I've done my first DataMapper scan. What's next?

Review and assess

1. Go to your dashboard tab. Your dashboard will give you an idea of your overall risk. How much risk and high-risk data was found? Is it more than you expected?
2. Review your high-risk categories.  What types of files contain the most risk data? Think about which categories you really need to keep. Do you spot any that could be eliminated?
3. Check the data locations box on your dashboard. In which storage location were most of the high-risk files found? Do you consider that storage location a safe place? Have you set up the proper controls to restrict access to it?
4. Make a correction plan for your company. Who should clean up the shared drives? How long should files be kept according to your privacy policy? Are there certain locations you do not want risk data to be stored? Are there certain types of sensitive data you want to avoid storing altogether?

What if I don’t have very much risk data?

Awesome! Now that you know your company does not store a lot of sensitive data, keep it that way, and feel free to brag about it. Use your privacy policy to tell people that you perform regular data inventories with DataMapper to minimise privacy risks.

Start your clean-up

1. Go to your risk documents tab. Here you can use filters to review files by location, category, person, or risk level, and then open them right from DataMapper.
2. Start by filtering for “high-risk” files. Filter for high-risk files first. Open each one in the list to review, and mark it “ok” or “critical”. Look out for: Old files, inappropriate keywords, files stored in multiple locations.
3. Delete old files. The GDPR does not specify a time limit for keeping data, but it does require you to set a data retention limit, justify it in your privacy policy and stick to it. Keeping personal data longer than your privacy policy promises is considered a violation of regulations.
4. Delete inappropriate data. Checking the keywords that caused a file to be flagged will give you an idea of whether you should keep it. Consider whether you have a legitimate purpose for keeping sensitive information about someone’s race or beliefs, for example.
5. Move data to designated folders and locations. Storing duplicates of the same high-risk file in multiple locations or inboxes is a red flag. Make sure data is where it should be, and delete unnecessary copies.

What if I have a lot of risk data and clean-up seems overwhelming?

The most labor-intensive part of data management, the data inventory, has been done for you. This has already put you ahead of the game, compliance-wise. Remember you are allowed to store sensitive data if you had a legitimate purpose for collecting it and you keep track of it.  

Privacy laws like the GDPR do not specify exactly what must be done with the personal data you store or how much you can store, but they do require you to introduce “appropriate organizational and technical measures” to protect it.

A little check-up from time to time to make sure you know what you have goes a long way. And every little bit of data minimization helps. Don’t put off clean-up for fear of what you might find. Log in to DataMapper regularly, for just a few minutes, and look for a couple of files you can put in their proper place or delete.

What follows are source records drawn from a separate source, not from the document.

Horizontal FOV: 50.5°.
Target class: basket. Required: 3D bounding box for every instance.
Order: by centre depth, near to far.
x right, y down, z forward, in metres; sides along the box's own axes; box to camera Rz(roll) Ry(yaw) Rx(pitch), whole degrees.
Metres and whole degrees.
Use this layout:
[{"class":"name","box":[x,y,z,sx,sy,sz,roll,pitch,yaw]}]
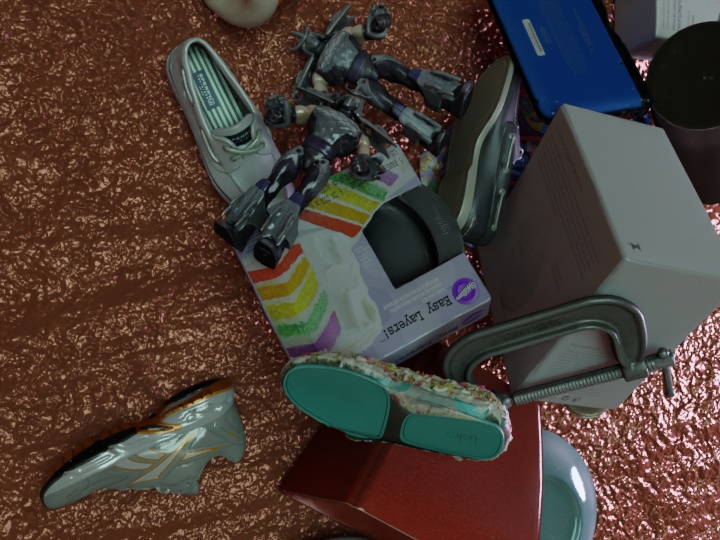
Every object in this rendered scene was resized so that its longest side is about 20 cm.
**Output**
[{"class":"basket","box":[0.389,-0.180,0.845,0.199,0.135,0.183,13,92,-59]}]

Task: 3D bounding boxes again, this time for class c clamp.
[{"class":"c clamp","box":[0.175,0.089,0.663,0.198,0.027,0.172,-13,136,10]}]

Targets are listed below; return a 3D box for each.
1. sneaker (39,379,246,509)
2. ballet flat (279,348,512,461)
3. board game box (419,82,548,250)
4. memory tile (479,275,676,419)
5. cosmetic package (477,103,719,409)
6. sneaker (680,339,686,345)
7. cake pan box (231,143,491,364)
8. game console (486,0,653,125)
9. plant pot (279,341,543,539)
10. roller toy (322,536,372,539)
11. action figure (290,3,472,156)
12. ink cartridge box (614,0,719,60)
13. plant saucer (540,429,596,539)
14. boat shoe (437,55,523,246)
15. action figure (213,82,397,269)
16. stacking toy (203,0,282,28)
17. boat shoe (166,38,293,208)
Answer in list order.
[{"class":"sneaker","box":[-0.198,0.186,0.725,0.198,0.076,0.093,-25,101,-16]},{"class":"ballet flat","box":[0.030,0.109,0.641,0.198,0.064,0.076,19,114,-2]},{"class":"board game box","box":[0.166,-0.114,0.833,0.200,0.039,0.158,-44,95,6]},{"class":"memory tile","box":[0.233,0.055,0.845,0.152,0.017,0.200,-31,62,-17]},{"class":"cosmetic package","box":[0.220,-0.010,0.729,0.121,0.201,0.201,8,47,-15]},{"class":"sneaker","box":[0.285,0.070,0.880,0.198,0.087,0.077,-8,91,-19]},{"class":"cake pan box","box":[0.000,0.000,0.719,0.198,0.052,0.186,-26,73,-7]},{"class":"game console","box":[0.230,-0.219,0.829,0.169,0.119,0.202,-11,63,-9]},{"class":"plant pot","box":[0.068,0.185,0.759,0.199,0.199,0.178,32,68,-15]},{"class":"roller toy","box":[-0.011,0.366,0.734,0.199,0.140,0.183,37,87,-15]},{"class":"action figure","box":[0.013,-0.200,0.778,0.199,0.069,0.131,30,94,10]},{"class":"ink cartridge box","box":[0.418,-0.334,0.937,0.198,0.084,0.148,1,88,-18]},{"class":"plant saucer","box":[0.197,0.285,0.871,0.199,0.039,0.204,0,89,-19]},{"class":"boat shoe","box":[0.132,-0.121,0.787,0.062,0.072,0.202,24,77,-25]},{"class":"action figure","box":[-0.046,-0.098,0.696,0.129,0.070,0.201,27,70,18]},{"class":"stacking toy","box":[-0.071,-0.345,0.765,0.199,0.146,0.147,-37,100,-32]},{"class":"boat shoe","box":[-0.127,-0.130,0.748,0.073,0.067,0.201,-37,102,-16]}]
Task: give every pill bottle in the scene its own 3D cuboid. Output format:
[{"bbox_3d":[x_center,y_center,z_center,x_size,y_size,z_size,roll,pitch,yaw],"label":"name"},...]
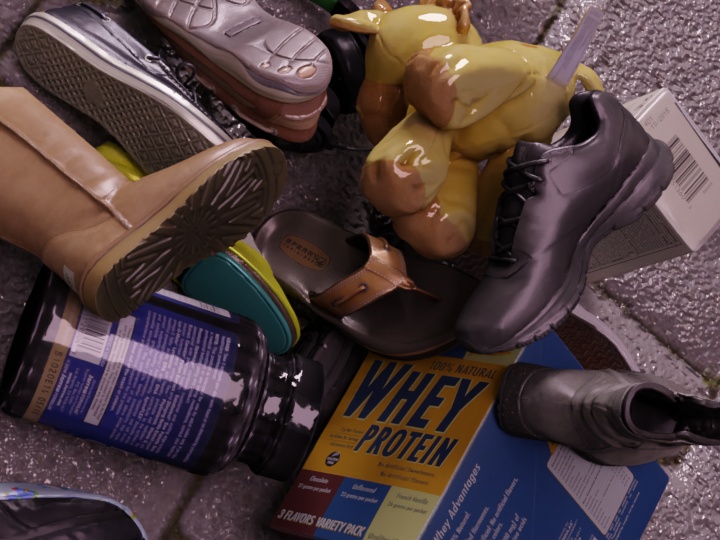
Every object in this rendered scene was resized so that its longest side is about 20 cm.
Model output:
[{"bbox_3d":[-0.130,0.071,1.379,0.199,0.112,0.112,20,72,-13],"label":"pill bottle"}]

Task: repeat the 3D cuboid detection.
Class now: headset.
[{"bbox_3d":[-0.030,-0.126,1.522,0.123,0.094,0.200,-40,86,-23],"label":"headset"}]

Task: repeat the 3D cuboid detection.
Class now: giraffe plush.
[{"bbox_3d":[0.056,-0.124,1.429,0.200,0.162,0.173,-51,137,-5],"label":"giraffe plush"}]

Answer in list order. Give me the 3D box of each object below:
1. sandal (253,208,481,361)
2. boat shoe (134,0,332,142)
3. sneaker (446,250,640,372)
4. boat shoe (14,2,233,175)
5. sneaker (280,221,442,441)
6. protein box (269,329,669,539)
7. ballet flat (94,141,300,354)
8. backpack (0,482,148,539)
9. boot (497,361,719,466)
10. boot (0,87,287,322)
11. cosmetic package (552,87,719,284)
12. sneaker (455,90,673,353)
[{"bbox_3d":[0.000,0.000,1.440,0.082,0.200,0.055,-50,145,-16],"label":"sandal"},{"bbox_3d":[-0.095,-0.152,1.438,0.076,0.200,0.072,-25,137,-26],"label":"boat shoe"},{"bbox_3d":[0.149,0.048,1.555,0.073,0.085,0.200,-41,87,11],"label":"sneaker"},{"bbox_3d":[-0.145,-0.118,1.419,0.200,0.075,0.062,37,46,12],"label":"boat shoe"},{"bbox_3d":[0.012,0.042,1.509,0.091,0.076,0.200,44,73,-22],"label":"sneaker"},{"bbox_3d":[0.081,0.161,1.446,0.200,0.135,0.199,49,61,-36],"label":"protein box"},{"bbox_3d":[-0.115,-0.022,1.452,0.200,0.067,0.067,36,45,-16],"label":"ballet flat"},{"bbox_3d":[-0.226,0.205,1.315,0.199,0.154,0.164,-11,84,-8],"label":"backpack"},{"bbox_3d":[0.195,0.101,1.368,0.200,0.130,0.068,10,86,-46],"label":"boot"},{"bbox_3d":[-0.173,-0.071,1.355,0.175,0.200,0.066,-35,142,-27],"label":"boot"},{"bbox_3d":[0.177,-0.054,1.533,0.071,0.200,0.105,-45,104,-28],"label":"cosmetic package"},{"bbox_3d":[0.118,-0.033,1.360,0.091,0.076,0.200,48,68,-27],"label":"sneaker"}]
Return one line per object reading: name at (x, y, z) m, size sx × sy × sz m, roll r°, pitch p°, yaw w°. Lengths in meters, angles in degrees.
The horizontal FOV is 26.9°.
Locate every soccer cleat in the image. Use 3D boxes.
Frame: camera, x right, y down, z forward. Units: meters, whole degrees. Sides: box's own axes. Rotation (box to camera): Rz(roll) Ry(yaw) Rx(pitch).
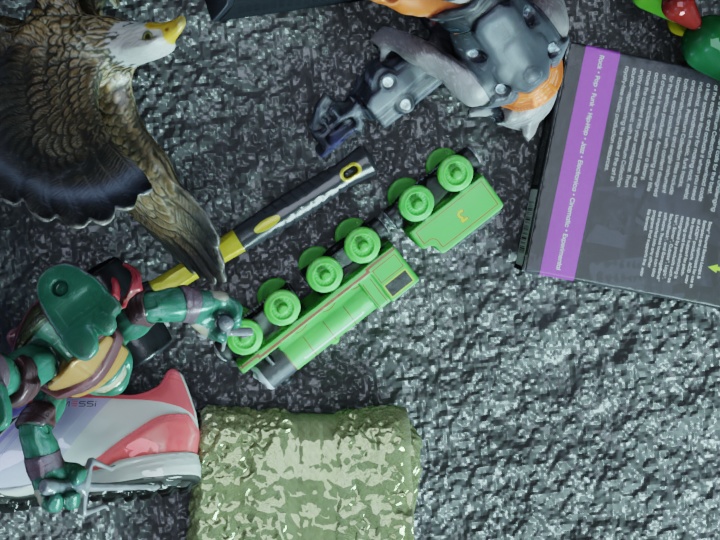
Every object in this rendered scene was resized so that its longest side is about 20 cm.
soccer cleat at (-0.195, 0.104, 0.898) m, size 0.200 × 0.068 × 0.073 m, roll -5°, pitch 73°, yaw 2°

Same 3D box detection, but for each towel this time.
towel at (-0.037, 0.181, 0.930) m, size 0.148 × 0.036 × 0.200 m, roll 1°, pitch 96°, yaw -5°

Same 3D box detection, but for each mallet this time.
mallet at (-0.074, -0.006, 0.902) m, size 0.200 × 0.041 × 0.066 m, roll -25°, pitch 99°, yaw 0°

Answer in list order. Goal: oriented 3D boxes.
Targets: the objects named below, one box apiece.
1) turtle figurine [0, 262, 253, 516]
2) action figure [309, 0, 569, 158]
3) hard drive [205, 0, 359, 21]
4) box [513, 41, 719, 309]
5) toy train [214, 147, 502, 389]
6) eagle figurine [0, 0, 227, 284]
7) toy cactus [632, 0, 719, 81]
turtle figurine at (-0.145, 0.054, 0.804) m, size 0.101 × 0.200 × 0.150 m, roll 33°, pitch 87°, yaw 14°
action figure at (0.043, -0.133, 0.861) m, size 0.200 × 0.105 × 0.193 m, roll -44°, pitch 130°, yaw 8°
hard drive at (-0.044, -0.256, 0.886) m, size 0.135 × 0.042 × 0.200 m, roll -9°, pitch 96°, yaw -5°
box at (0.207, -0.051, 0.932) m, size 0.200 × 0.036 × 0.143 m, roll 11°, pitch 93°, yaw -5°
toy train at (0.000, 0.000, 0.916) m, size 0.200 × 0.042 × 0.056 m, roll -38°, pitch 108°, yaw -1°
eagle figurine at (-0.147, -0.095, 0.817) m, size 0.152 × 0.151 × 0.200 m, roll 2°, pitch 76°, yaw -19°
toy cactus at (0.256, -0.124, 0.879) m, size 0.200 × 0.102 × 0.165 m, roll 15°, pitch 69°, yaw -14°
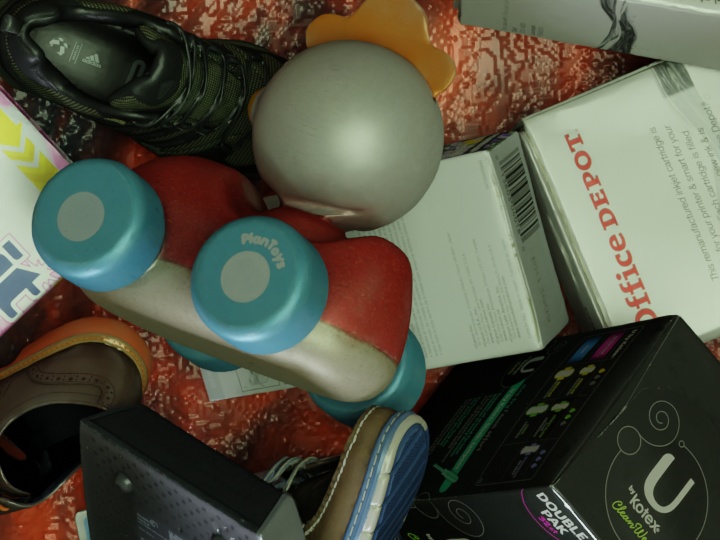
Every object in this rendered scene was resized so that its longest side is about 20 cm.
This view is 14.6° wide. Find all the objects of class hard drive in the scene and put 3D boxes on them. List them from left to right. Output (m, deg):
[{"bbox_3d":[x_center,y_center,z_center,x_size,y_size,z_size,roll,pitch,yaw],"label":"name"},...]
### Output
[{"bbox_3d":[-0.076,0.162,1.408,0.042,0.135,0.201,-39,143,-32],"label":"hard drive"}]

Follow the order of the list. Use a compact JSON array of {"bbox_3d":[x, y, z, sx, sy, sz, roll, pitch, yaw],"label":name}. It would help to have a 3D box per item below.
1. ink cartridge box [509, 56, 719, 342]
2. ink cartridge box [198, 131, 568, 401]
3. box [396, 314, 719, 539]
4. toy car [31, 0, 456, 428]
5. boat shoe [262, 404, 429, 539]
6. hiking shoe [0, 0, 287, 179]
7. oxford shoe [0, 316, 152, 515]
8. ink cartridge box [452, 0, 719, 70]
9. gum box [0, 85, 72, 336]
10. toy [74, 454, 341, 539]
[{"bbox_3d":[0.195,-0.046,1.499,0.199,0.083,0.147,-22,88,-7],"label":"ink cartridge box"},{"bbox_3d":[0.000,0.000,1.485,0.199,0.050,0.109,-11,103,26],"label":"ink cartridge box"},{"bbox_3d":[0.117,0.125,1.446,0.149,0.200,0.124,49,61,-17],"label":"box"},{"bbox_3d":[-0.033,-0.049,1.387,0.176,0.184,0.201,20,81,25],"label":"toy car"},{"bbox_3d":[-0.024,0.134,1.414,0.072,0.072,0.200,30,133,10],"label":"boat shoe"},{"bbox_3d":[-0.097,-0.090,1.440,0.199,0.101,0.076,15,96,-13],"label":"hiking shoe"},{"bbox_3d":[-0.196,0.096,1.439,0.200,0.073,0.071,-34,113,22],"label":"oxford shoe"},{"bbox_3d":[0.156,-0.189,1.440,0.199,0.084,0.147,10,77,3],"label":"ink cartridge box"},{"bbox_3d":[-0.232,-0.062,1.436,0.113,0.066,0.200,-43,103,-1],"label":"gum box"},{"bbox_3d":[-0.044,0.168,1.518,0.199,0.047,0.116,-12,100,-9],"label":"toy"}]
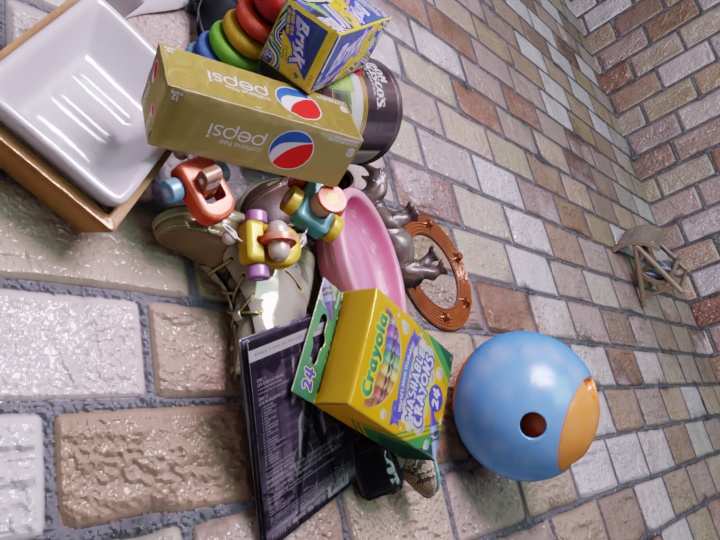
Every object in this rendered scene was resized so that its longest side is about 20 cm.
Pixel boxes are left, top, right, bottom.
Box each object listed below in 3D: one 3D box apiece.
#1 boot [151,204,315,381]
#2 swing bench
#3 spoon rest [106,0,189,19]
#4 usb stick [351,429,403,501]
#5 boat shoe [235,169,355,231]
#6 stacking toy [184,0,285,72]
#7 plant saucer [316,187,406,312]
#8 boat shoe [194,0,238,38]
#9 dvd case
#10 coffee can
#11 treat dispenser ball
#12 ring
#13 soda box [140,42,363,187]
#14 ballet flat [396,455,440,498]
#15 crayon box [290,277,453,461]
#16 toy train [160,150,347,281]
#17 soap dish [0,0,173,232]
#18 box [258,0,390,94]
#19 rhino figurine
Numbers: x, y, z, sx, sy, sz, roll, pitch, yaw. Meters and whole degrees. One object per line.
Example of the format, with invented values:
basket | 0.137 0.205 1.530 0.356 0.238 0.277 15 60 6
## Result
boot | -0.124 0.030 0.650 0.199 0.072 0.157 24 54 -42
swing bench | 0.860 -0.031 1.873 0.198 0.129 0.202 -30 92 -54
spoon rest | -0.253 -0.339 0.740 0.099 0.060 0.201 45 26 -25
usb stick | -0.006 0.161 0.729 0.033 0.055 0.203 37 32 -80
boat shoe | -0.074 -0.093 0.782 0.075 0.074 0.202 59 36 -5
stacking toy | -0.134 -0.249 0.693 0.085 0.199 0.086 33 38 -30
plant saucer | 0.000 0.000 0.794 0.201 0.050 0.203 54 27 -43
boat shoe | -0.178 -0.341 0.800 0.063 0.073 0.202 65 16 -53
dvd case | -0.058 0.149 0.638 0.148 0.016 0.203 -17 106 -54
coffee can | -0.057 -0.210 0.816 0.199 0.145 0.148 -14 79 -53
treat dispenser ball | 0.227 0.186 0.878 0.200 0.200 0.203 29 47 -37
ring | 0.124 -0.002 1.023 0.199 0.019 0.203 30 46 -37
soda box | -0.100 -0.142 0.602 0.198 0.064 0.068 8 43 -34
ballet flat | 0.039 0.178 0.776 0.074 0.068 0.203 5 57 -26
crayon box | 0.023 0.108 0.672 0.200 0.051 0.127 40 54 -40
toy train | -0.088 -0.078 0.634 0.199 0.055 0.152 -28 94 -42
soap dish | -0.252 -0.145 0.585 0.157 0.081 0.202 44 40 -25
box | -0.031 -0.254 0.687 0.064 0.070 0.200 35 31 0
rhino figurine | 0.043 -0.066 0.910 0.202 0.087 0.060 62 2 1
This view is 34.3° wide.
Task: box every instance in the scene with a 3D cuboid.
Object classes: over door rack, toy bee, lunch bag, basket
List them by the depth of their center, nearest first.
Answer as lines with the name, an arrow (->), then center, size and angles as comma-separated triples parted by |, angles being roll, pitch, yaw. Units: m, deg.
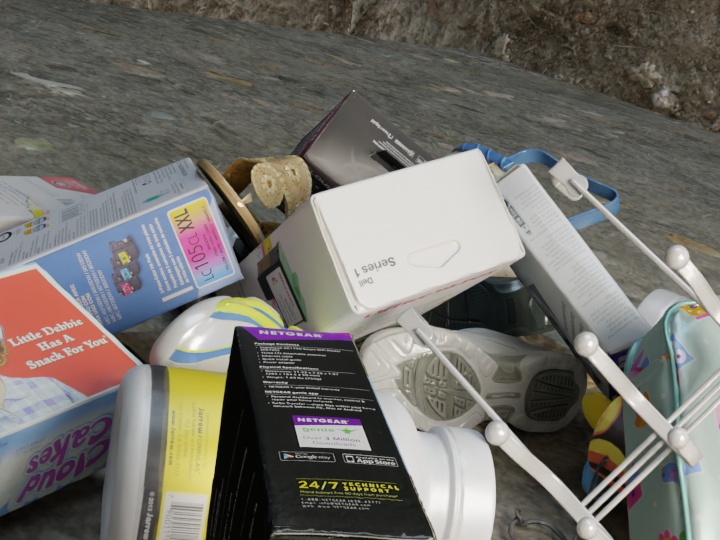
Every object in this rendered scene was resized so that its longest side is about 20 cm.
over door rack -> 0.119, 0.036, 0.662 | 0.200, 0.148, 0.067 | 49, 3, 39
lunch bag -> 0.239, 0.125, 0.682 | 0.158, 0.203, 0.077 | 7, -26, -12
toy bee -> 0.194, 0.122, 0.772 | 0.129, 0.110, 0.199 | 21, 19, 23
basket -> 0.151, -0.065, 1.240 | 0.198, 0.141, 0.176 | -26, 30, -14

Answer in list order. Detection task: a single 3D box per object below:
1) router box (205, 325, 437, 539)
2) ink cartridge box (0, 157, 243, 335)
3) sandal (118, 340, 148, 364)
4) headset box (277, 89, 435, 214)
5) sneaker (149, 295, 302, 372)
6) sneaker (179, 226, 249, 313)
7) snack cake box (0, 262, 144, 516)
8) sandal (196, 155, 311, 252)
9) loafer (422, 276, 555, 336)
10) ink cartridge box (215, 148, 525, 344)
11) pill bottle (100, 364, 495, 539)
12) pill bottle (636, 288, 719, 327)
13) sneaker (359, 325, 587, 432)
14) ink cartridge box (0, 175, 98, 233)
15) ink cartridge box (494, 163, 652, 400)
router box -> -0.029, 0.139, 0.399 | 0.050, 0.203, 0.149 | 6, 18, -12
ink cartridge box -> -0.195, -0.003, 0.837 | 0.197, 0.077, 0.136 | -21, 18, -8
sandal -> -0.152, 0.075, 0.766 | 0.197, 0.055, 0.080 | 5, 18, -22
headset box -> 0.009, -0.064, 1.009 | 0.148, 0.075, 0.200 | 39, -15, -8
sneaker -> -0.041, 0.082, 0.713 | 0.105, 0.076, 0.199 | 43, 9, 31
sneaker -> -0.138, 0.006, 0.992 | 0.079, 0.075, 0.200 | 1, 12, 0
snack cake box -> -0.224, 0.074, 0.624 | 0.115, 0.068, 0.199 | 37, 32, 24
sandal -> -0.070, -0.060, 0.883 | 0.078, 0.069, 0.212 | 52, -7, 6
loafer -> 0.106, 0.036, 1.071 | 0.197, 0.073, 0.063 | -1, 0, -32
ink cartridge box -> 0.000, 0.000, 0.835 | 0.143, 0.085, 0.200 | -18, -9, -30
pill bottle -> -0.034, 0.116, 0.621 | 0.197, 0.114, 0.112 | 8, 17, -15
pill bottle -> 0.319, 0.087, 0.957 | 0.199, 0.114, 0.111 | 26, 22, 36
sneaker -> 0.074, 0.079, 0.904 | 0.198, 0.079, 0.099 | 13, 8, -30
ink cartridge box -> -0.304, -0.032, 0.977 | 0.198, 0.069, 0.116 | -2, 22, -44
ink cartridge box -> 0.172, 0.037, 0.865 | 0.201, 0.040, 0.200 | 54, 1, 21

Improve your privacy practices

1. Lock shared folders when appropriate. Folders in OneDrive or Sharepoint that contain high-risk data can be locked to limit access to only those employees that need it.
2. Be aware of synching. If synching is turned on in OneDrive, attachments people share with you by email will be automatically saved in your personal folder, even if you do not open or download them. 
3. Set up automatic deletion for your emails. of files in email. Often folders like "deleted" & "sent" can be good places to set up automatic deletion.
4. Improve your privacy strategy. Can you keep sensitive data out of email folders altogether by using a safe data sharing add-in or private upload point?  Could certain types of sensitive data be kept in one place and protected?
5. Repeat the scan and all the above steps periodically. Your company collects more personal data every day. Keep up with it by periodically repeating your DataMapper scan.